Now, consider the broader two-job picture. Mounting pressures push households to seek multiple paychecks, as a single one is not enough to pay for rents, healthcare, utilities, groceries, and education loans for children. By 2024, Americans hiked their shifts, second roles, and crossed the 60-hour work-week threshold. Now, it is time to do two jobs. “What makes the
trend more sobering is that it unfolded even as unemployment ticked higher in certain months. Employment exists, but for many it is insufficient. The old benchmark of stability, a single full time job, is quietly eroding,” states a recent media report.
According to surveys, the impact on the younger generation is higher. ‘Income stacking,’ or a combination of a full-time job with freelance work, contractual job, digital gigs, and part-time shifts, is common among Gen Z. While in an earlier generation, this may indicate ambition, greed, or the desire to join the corporate race, Gen Z is worried about insulation from economic and income shocks.

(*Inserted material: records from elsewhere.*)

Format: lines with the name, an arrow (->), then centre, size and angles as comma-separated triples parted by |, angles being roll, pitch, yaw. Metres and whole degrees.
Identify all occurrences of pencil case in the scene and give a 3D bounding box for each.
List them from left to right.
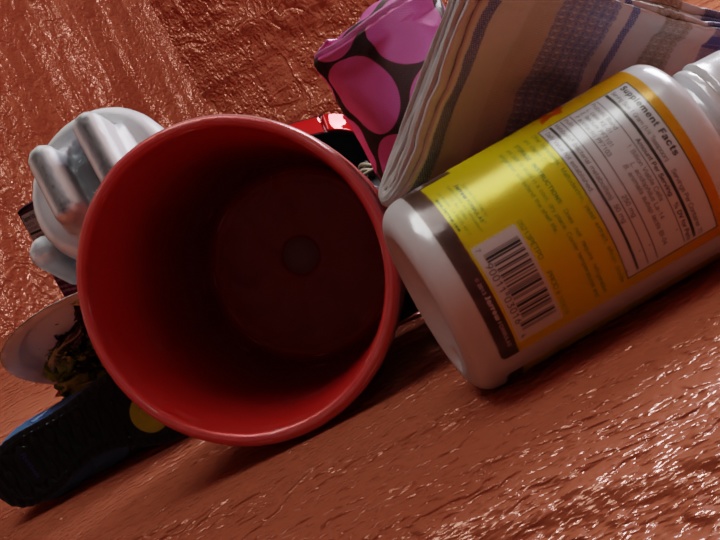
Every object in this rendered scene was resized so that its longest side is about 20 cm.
pencil case -> 0.048, -0.062, 0.983 | 0.094, 0.200, 0.091 | -19, 12, 45

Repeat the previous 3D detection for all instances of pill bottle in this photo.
pill bottle -> 0.119, -0.032, 0.865 | 0.200, 0.110, 0.109 | -29, 7, -6

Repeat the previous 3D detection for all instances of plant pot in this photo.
plant pot -> -0.056, -0.001, 1.073 | 0.200, 0.201, 0.177 | -27, -2, 14

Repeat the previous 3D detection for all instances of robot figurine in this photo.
robot figurine -> -0.161, -0.047, 1.235 | 0.169, 0.113, 0.200 | -31, -23, 9

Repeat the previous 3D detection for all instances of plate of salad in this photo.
plate of salad -> -0.165, 0.051, 1.251 | 0.199, 0.048, 0.200 | -15, -21, -6

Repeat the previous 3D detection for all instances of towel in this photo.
towel -> 0.115, -0.086, 0.911 | 0.199, 0.147, 0.024 | 6, 29, -31

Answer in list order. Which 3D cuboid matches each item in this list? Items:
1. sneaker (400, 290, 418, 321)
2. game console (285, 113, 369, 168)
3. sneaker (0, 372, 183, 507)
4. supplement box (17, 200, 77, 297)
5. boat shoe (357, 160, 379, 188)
sneaker -> 0.000, 0.000, 1.245 | 0.200, 0.076, 0.115 | -27, 9, 33
game console -> -0.073, -0.049, 1.419 | 0.176, 0.031, 0.200 | -16, -32, -4
sneaker -> -0.180, 0.107, 1.244 | 0.200, 0.066, 0.078 | -28, 3, 11
supplement box -> -0.204, -0.001, 1.548 | 0.131, 0.200, 0.103 | -31, 7, -21
boat shoe -> 0.014, -0.052, 1.313 | 0.074, 0.074, 0.200 | -3, -6, 12

The “younger employees (today) are building parallel income tracks by default. Stability now requires diversification,” states a report. What was optional and voluntary earlier is mandatory these days.
Ironic as it may seem, having two full-time and well-paying jobs may seem like economic security. But it may be the opposite if the trigger for it is to somehow maintain a lifestyle, and pay the existing and crucial monthly bills. In such a scenario, the fear of losing one of the jobs, or losing a part of the salary, which is highly possible as workers get sacked across sectors within no time, is high. So are the stress levels, which force the younger cohort to work harder, and longer. It may be a non-stoppable cycle; walk faster to stay where one is.
As a media report states, the new trend of working more “represents a shift in economic survival mechanism, one that is seeing productivity increase, hours increase, and the recovery experience as uneven.” Experts agree that one is not sure if these are temporary trends due to instability, disruptions, shocks, and tensions, or mark a genuine shift in the corporate work culture in America. But the work calendar is crowded, with little time for family, comfort, or pleasure. Sadly, AI, which makes us more productive, and lose jobs, may aid this shift.